:: The input ::

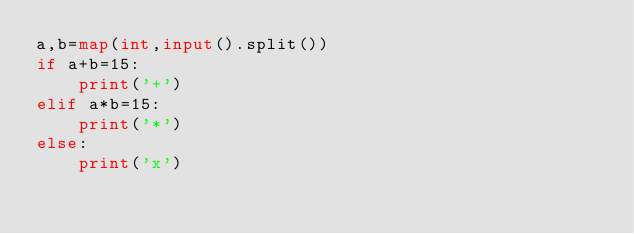<code> <loc_0><loc_0><loc_500><loc_500><_Python_>a,b=map(int,input().split())
if a+b=15:
    print('+')
elif a*b=15:
    print('*')
else:
    print('x')
</code> 
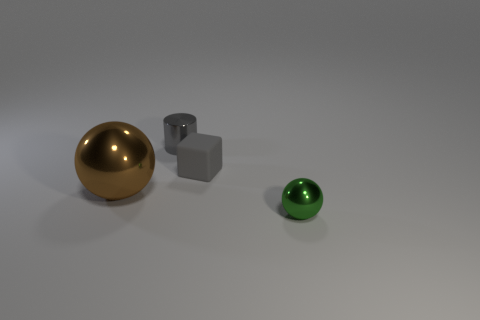Subtract all brown cylinders. How many brown balls are left? 1 Subtract all tiny gray objects. Subtract all cylinders. How many objects are left? 1 Add 2 brown metallic spheres. How many brown metallic spheres are left? 3 Add 1 small green things. How many small green things exist? 2 Add 3 tiny gray rubber things. How many objects exist? 7 Subtract all brown balls. How many balls are left? 1 Subtract 0 blue balls. How many objects are left? 4 Subtract all cubes. How many objects are left? 3 Subtract 1 blocks. How many blocks are left? 0 Subtract all purple cubes. Subtract all cyan spheres. How many cubes are left? 1 
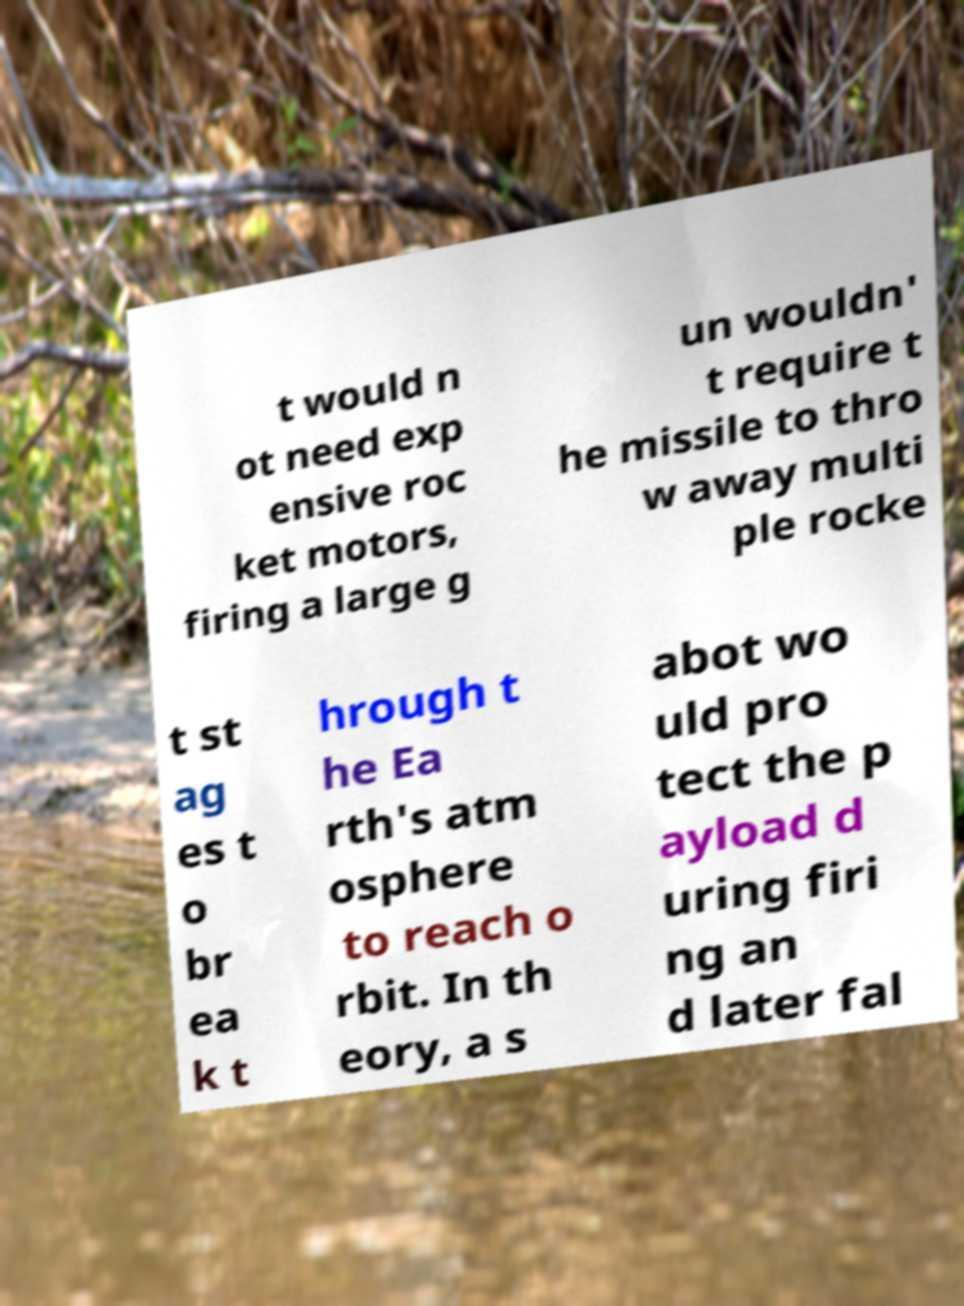Could you extract and type out the text from this image? t would n ot need exp ensive roc ket motors, firing a large g un wouldn' t require t he missile to thro w away multi ple rocke t st ag es t o br ea k t hrough t he Ea rth's atm osphere to reach o rbit. In th eory, a s abot wo uld pro tect the p ayload d uring firi ng an d later fal 
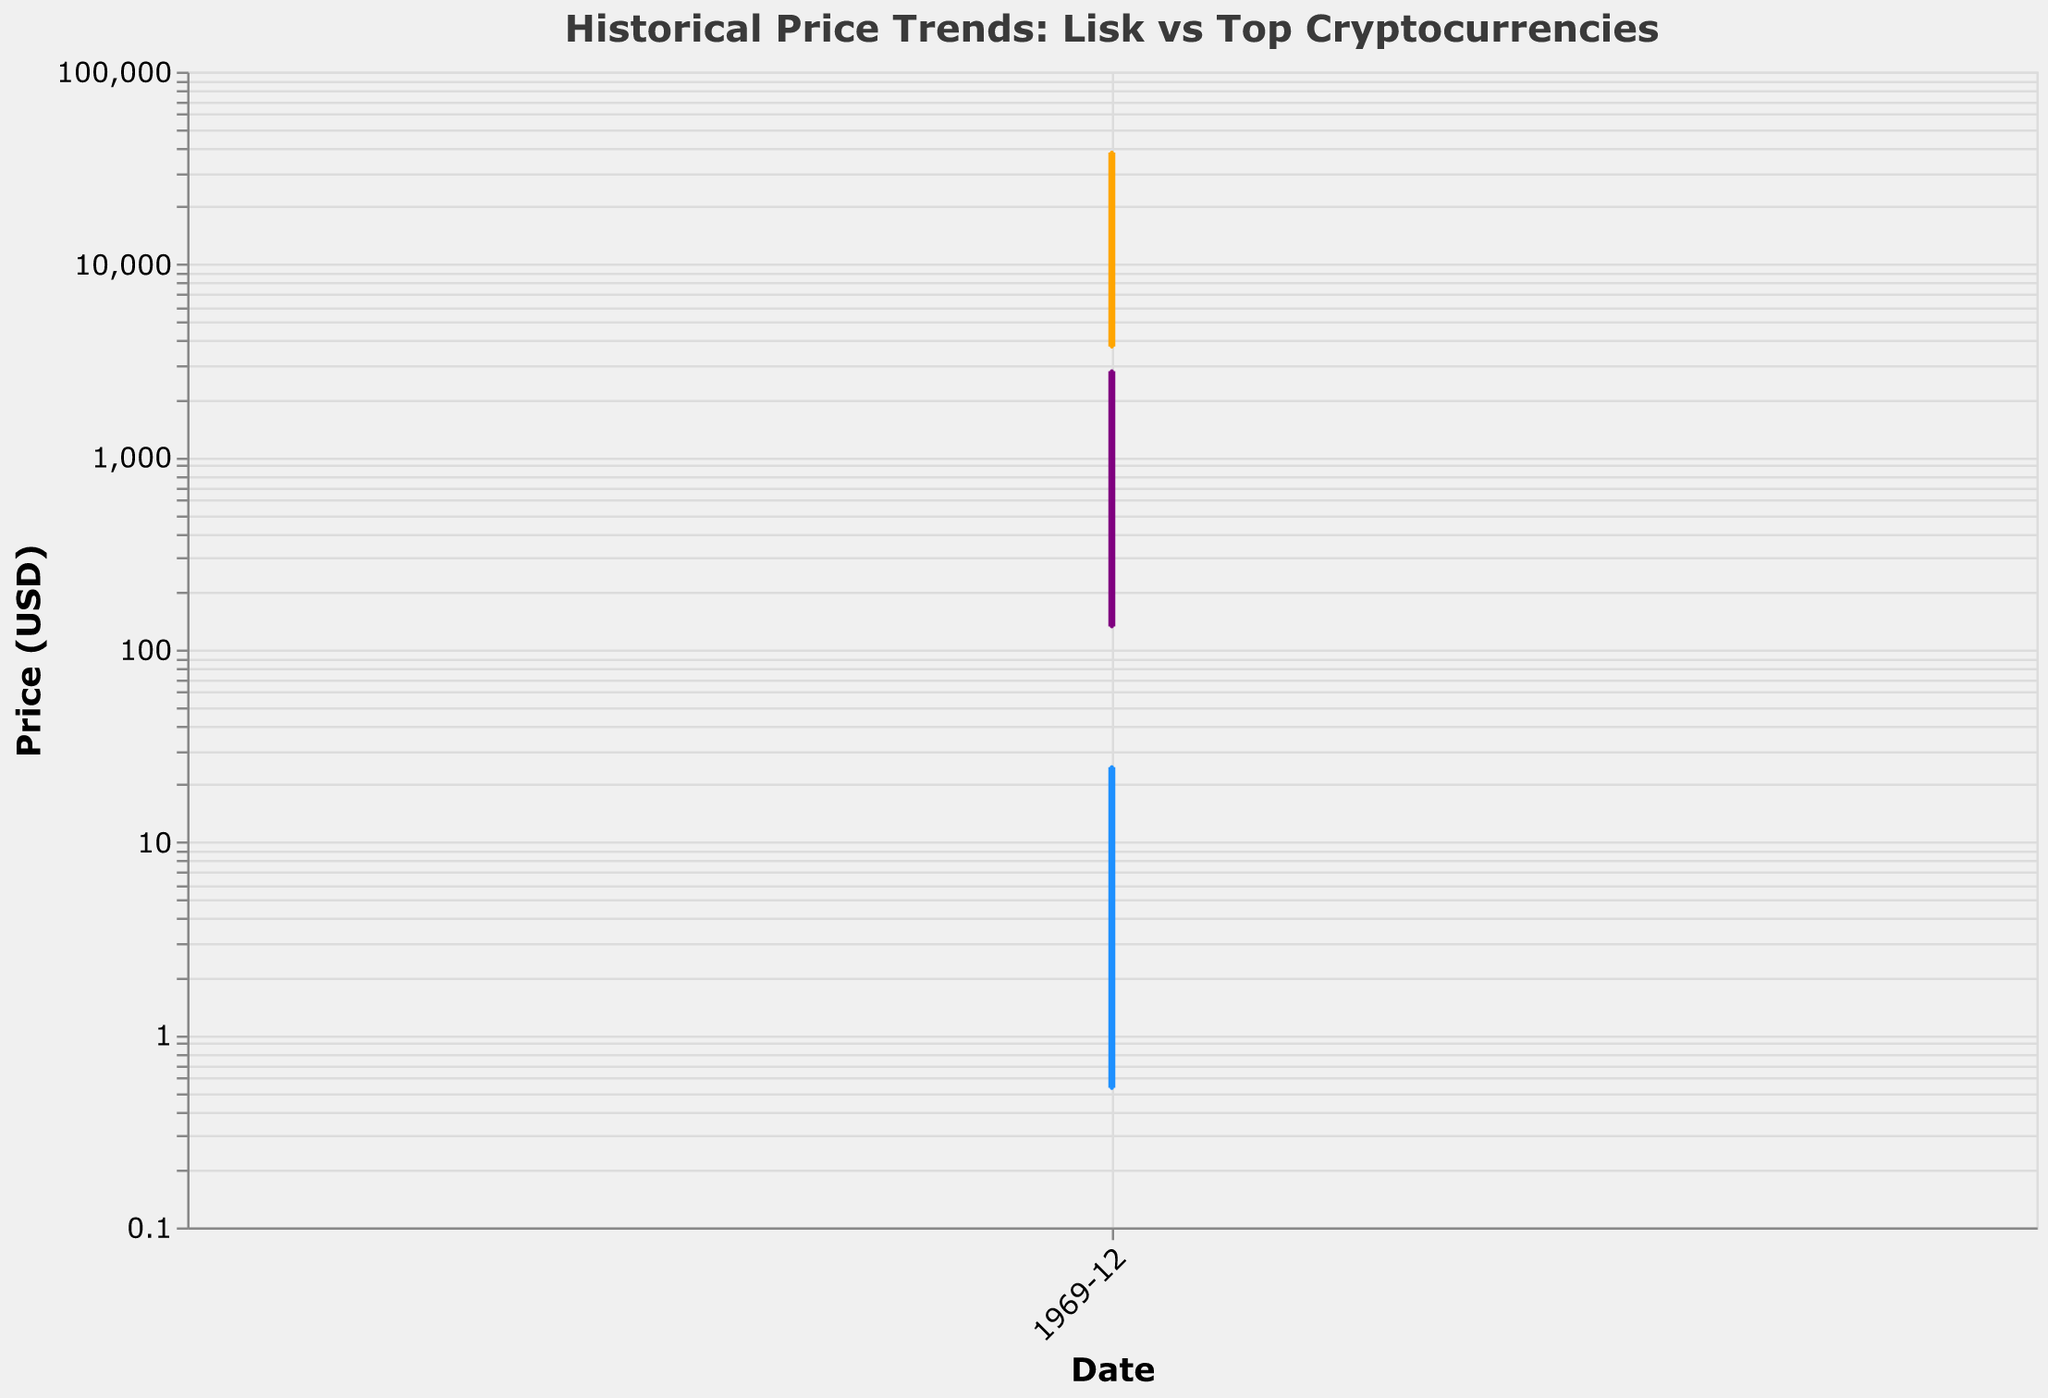What is the title of the plot? Look at the top of the figure to find the title, it usually describes the contents of the plot directly.
Answer: Historical Price Trends: Lisk vs Top Cryptocurrencies What colors represent Lisk, Bitcoin, and Ethereum in the plot? Examine the lines on the figure to see the corresponding colors for each cryptocurrency.
Answer: Lisk: Blue, Bitcoin: Orange, Ethereum: Purple How did the price of Lisk change from January 2018 to July 2018? Compare the data points for Lisk between January 2018 and July 2018. Note the shift in value.
Answer: Decreased from 24.50 to 4.25 Which cryptocurrency had the highest price in July 2023, and what was it? Locate the data points for July 2023 and compare the prices of all listed cryptocurrencies.
Answer: Bitcoin, 30475 When did Lisk have its lowest price in the provided data, and what was the price? Identify the minimum value data point for Lisk within the given date range.
Answer: January 2020, 0.53 How did the price of Bitcoin change between January 2022 and July 2022? Compare the price points of Bitcoin between January 2022 and July 2022. Note the direction and magnitude of change.
Answer: Decreased from 37989 to 19231 Which year and month had the maximum price for Ethereum, and what was it? Locate the peak price of Ethereum and note the corresponding date.
Answer: January 2022, 2782 Compare the general trends of Lisk and Ethereum from 2018 to 2023. How do their trends differ? Examine the overall plot lines of Lisk and Ethereum over the given period and note general patterns of increase or decrease.
Answer: Lisk fluctuates with no clear trend, Ethereum generally increases with more significant fluctuations How often did Lisk's price exceed $20 in the provided time period? Count the number of data points where the price of Lisk was above $20.
Answer: Once What was the trend in the price of Ripple (XRP) between January 2021 and January 2022? Compare and observe the changes in Ripple's price between January 2021 and January 2022.
Answer: Increased from 0.23 to 0.62

:::

## [Exercise]
Within the records above, work out on how many lines the string "date" appears, and give only that number.

## [Answer box]
2